Is there a way to publish a message onto Google Pubsub after a Google Dataflow job completes? We have a need to notify dependent systems that the processing of incoming data is complete. How could Dataflow publish after writing data to the sink?
在Google Dataflow作业完成后,有没有办法在Google Pubsub上发布消息?我们需要通知从属系统传入数据的处理已完成。将数据写入接收器后,Dataflow如何发布?

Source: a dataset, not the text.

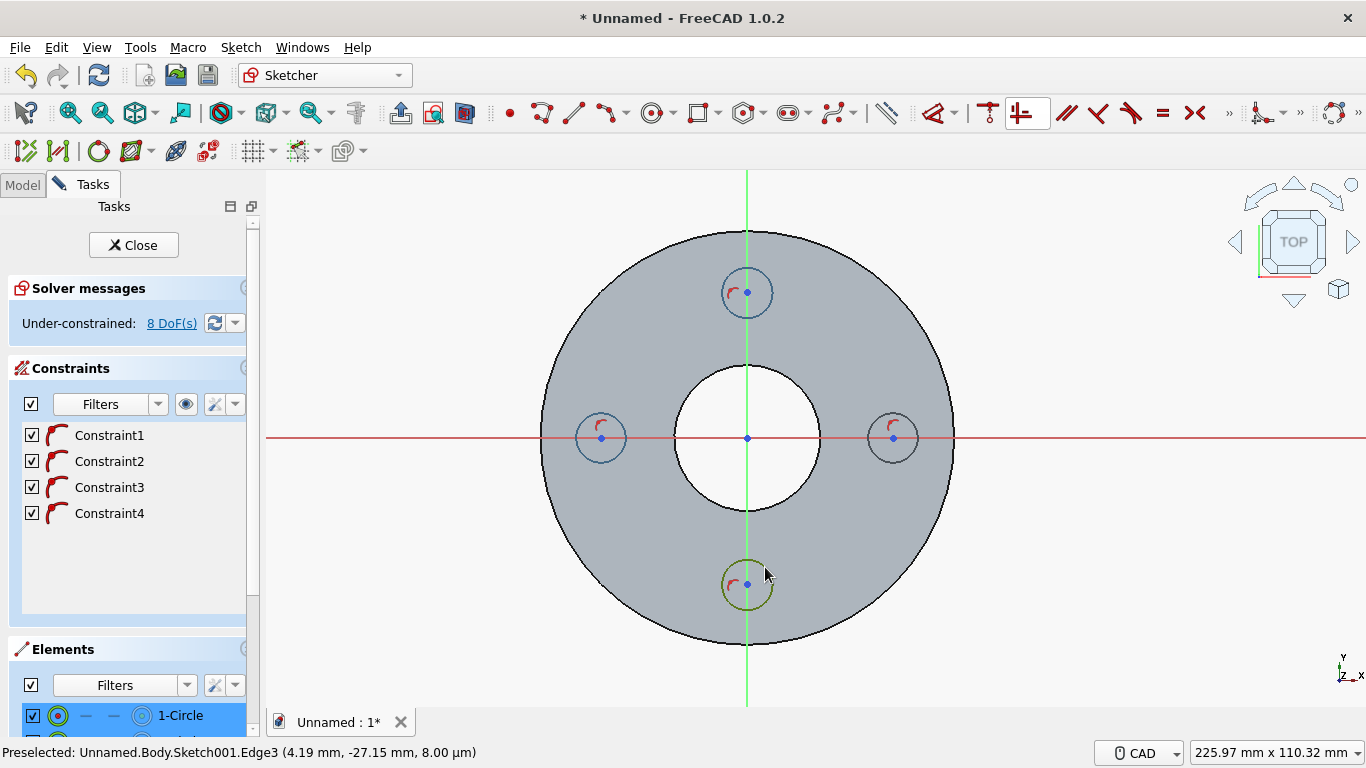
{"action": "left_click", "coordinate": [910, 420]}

EDIT: We want to notify after a pipeline completes writing to GCS. Our pipeline looks like this:
编辑:我们想在管道完成写入GCS后通知。我们的管道如下:
Pipeline.create(options) .apply(....) .apply(AvroIO.Write.named("Write to GCS") .withSchema(Extract.class) .to(options.getOutputPath()) .withSuffix(".avro")); p.run();
If we add logic outside of the pipeline.apply(...) methods we are notified when the code completes execution, not when the pipeline is completed. Ideally we could add another .apply(...)

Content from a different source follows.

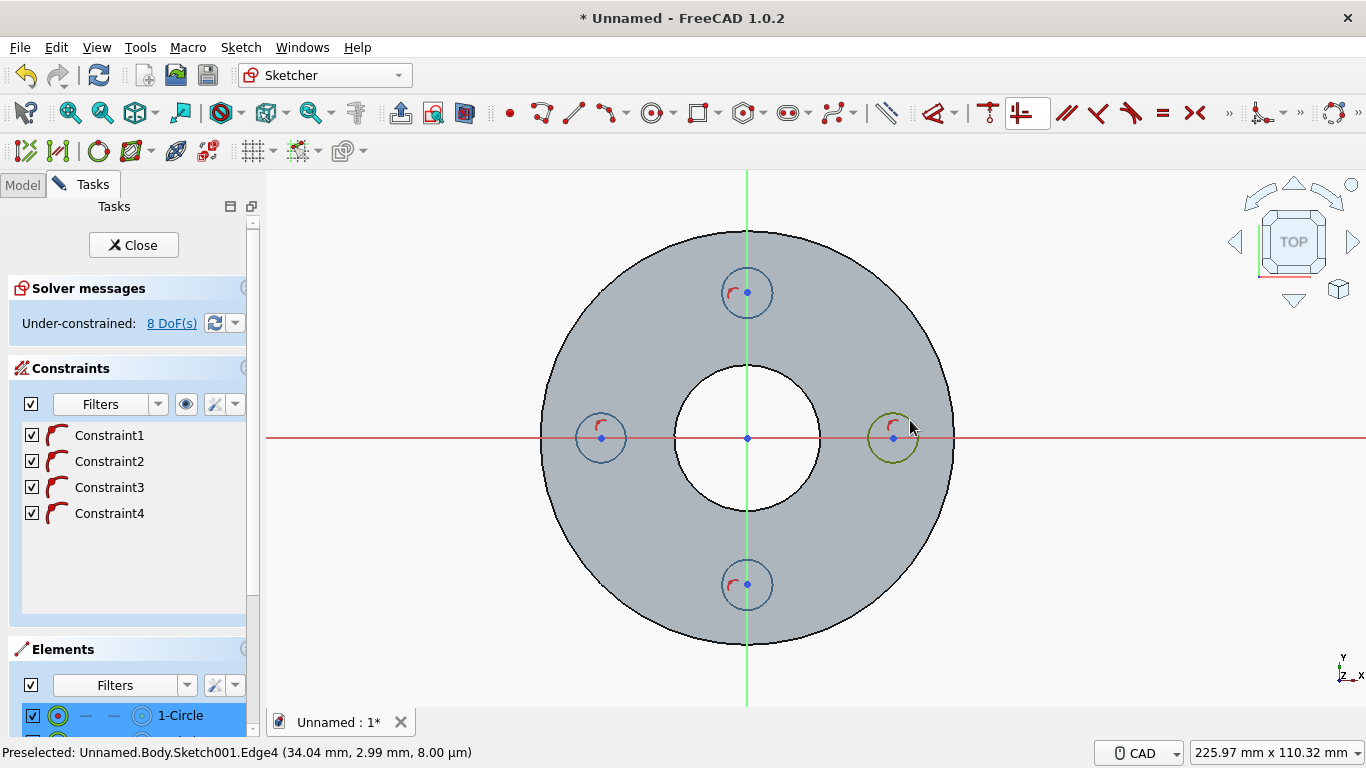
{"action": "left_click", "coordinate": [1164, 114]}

after the AvroIO sink and publish a message to PubSub.
如果我们在pipeline.apply(...)方法之外添加逻辑,那么在代码完成执行时会通知我们,而不是在管道完成时。理想情况下,我们可以在AvroIO接收器之后添加另一个.apply(...)并向PubSub发布消息。
1 个解决方案
#1
1
You have two options to get notified when your pipeline finishes, and then subsequently publish a message - or do whatever you want to after the pipeline finishes running:
您有两个选项可以在管道完成时收到通知,然后发布消息 - 或者在管道完成运行后执行任何操作:
- Use the
BlockingPipelineRunner
. This will run your pipeline synchronously. - 使用BlockingPipelineRunner。这将同步运行您的管道。
- Use the
DataflowPipelineRunner
. This will run your pipeline asynchronously. You can then poll the pipeline for its status, and wait for it to finish. - 使用DataflowPipelineRunner。这将异步运行您的管道。然后,您可以轮询管道的状态,并等待它完成。
#1
1
You have two options to get notified when your pipeline finishes, and then subsequently publish a message - or do whatever you want to after the pipeline finishes running:
您有两个选项可以在管道完成时收到通知,然后发布消息 - 或者在管道完成运行后执行任何操作:
- Use the
BlockingPipelineRunner
. This will run your pipeline synchronously. - 使用BlockingPipelineRunner。这将同步运行您的管道。
- Use the
DataflowPipelineRunner
. This will run your pipeline asynchronously. You can then poll the pipeline for its status, and wait for it to finish. - 使用DataflowPipelineRunner。这将异步运行您的管道。然后,您可以轮询管道的状态,并等待它完成。